Web Scraper-UA Camouflage

UA camouflage

Masquerading of the request carrier identity:

User-Agent:

Request carrier identity, through the request initiated by the browser, the request carrier is the browser, then the User-Agent of the request is the identity of the browser, if the request initiated by the crawler program is used, the carrier of the request is the crawler program, then The User-Agent of the request is the identity of the crawler. The server can use this value to determine whether the request is made by a browser or a crawler.

Anti-climbing mechanism:

Some portal websites will capture and judge the User-Agent in the request to visit the website. If the UA of the request is a crawler, then the request data will be refused.
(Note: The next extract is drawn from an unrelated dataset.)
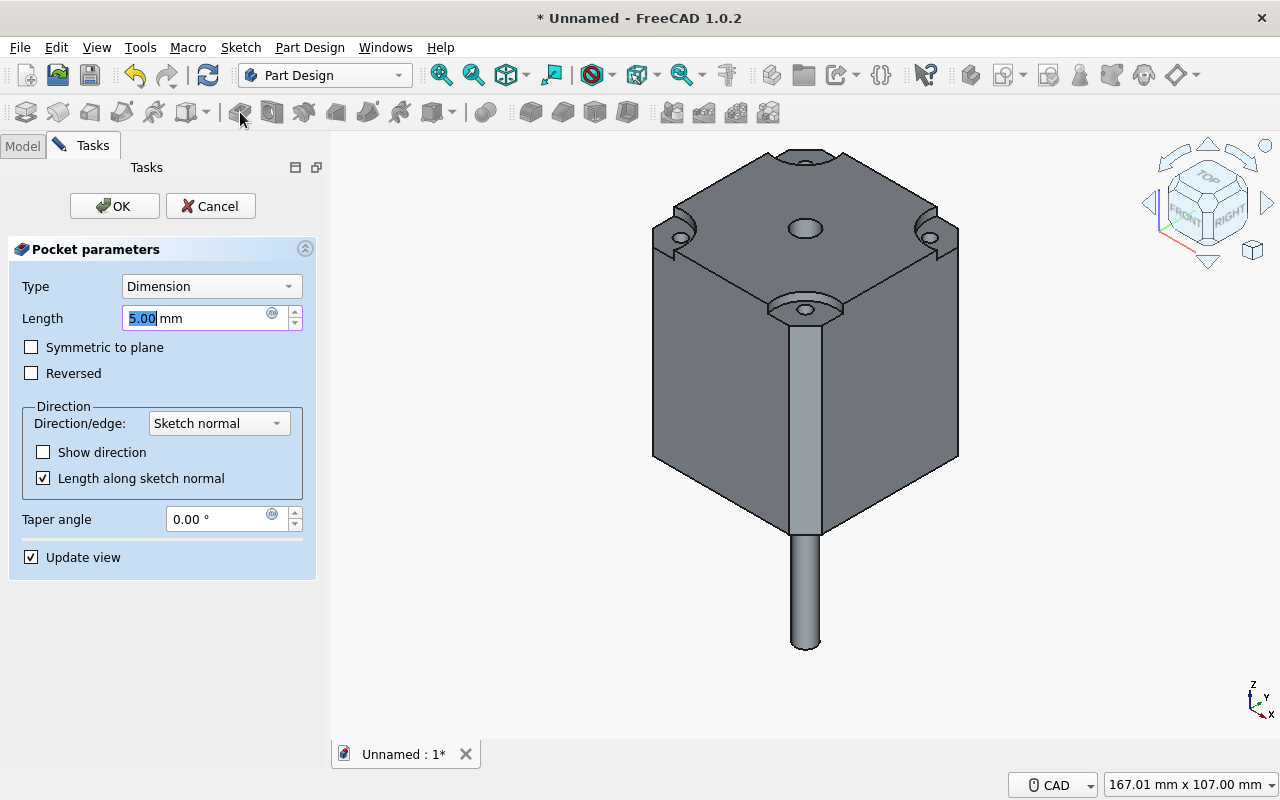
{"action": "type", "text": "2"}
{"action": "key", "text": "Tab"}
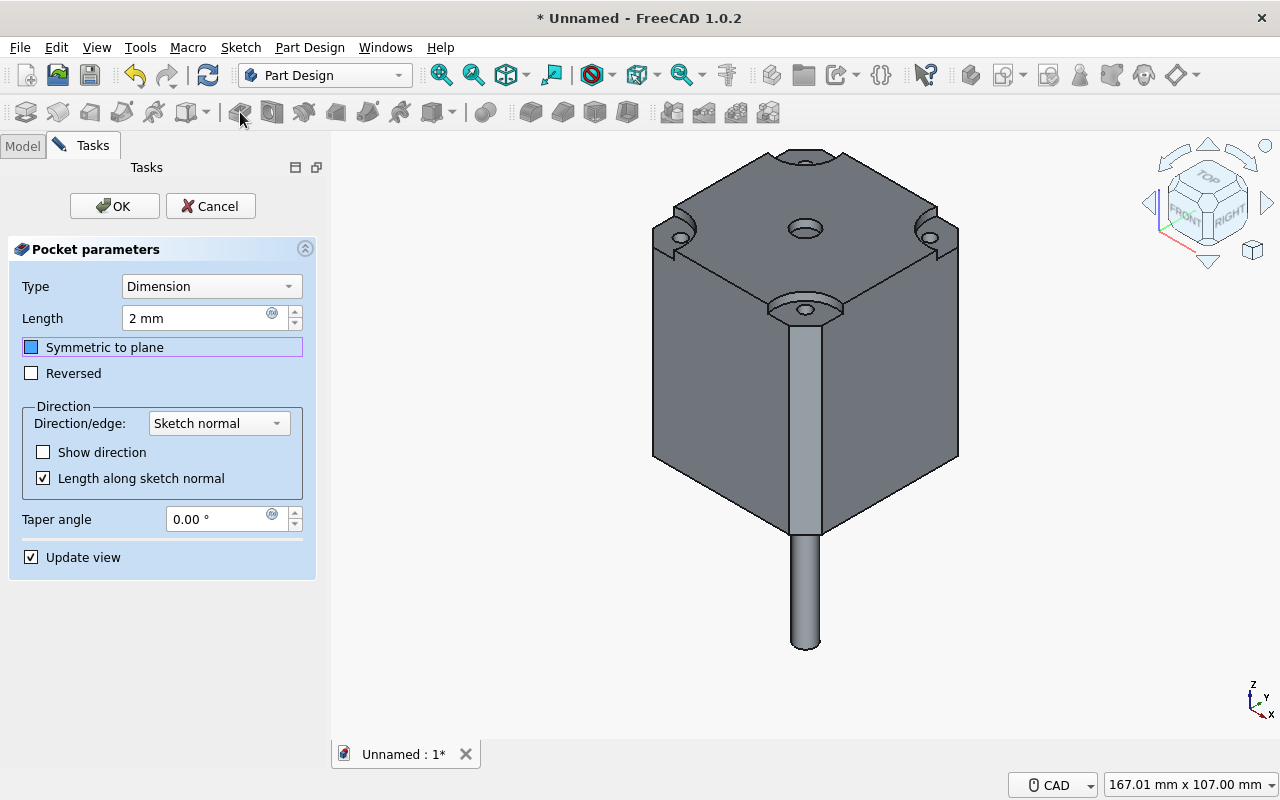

Anti-anti-climbing strategy:

Disguise the crawler's UA as a browser's identity

import requests
kew_word=input("请输入查询的关键字:")
url="https://www.sogou.com/web"
parm={
    'query':kew_word
}
#修改爬虫的UA为浏览器的UA
headers={
    "User-Agent":"Mozilla/5.0 (Windows NT 10.0; WOW64) AppleWebKit/537.36 (KHTML, like Gecko) Chrome/69.0.3497.100 Safari/537.36" } res=requests.get(url=url,params=parm,headers=headers) with open(f"{kew_word}.html","w",encoding="utf-8")as fw: fw.write(res.text) print("爬取成功")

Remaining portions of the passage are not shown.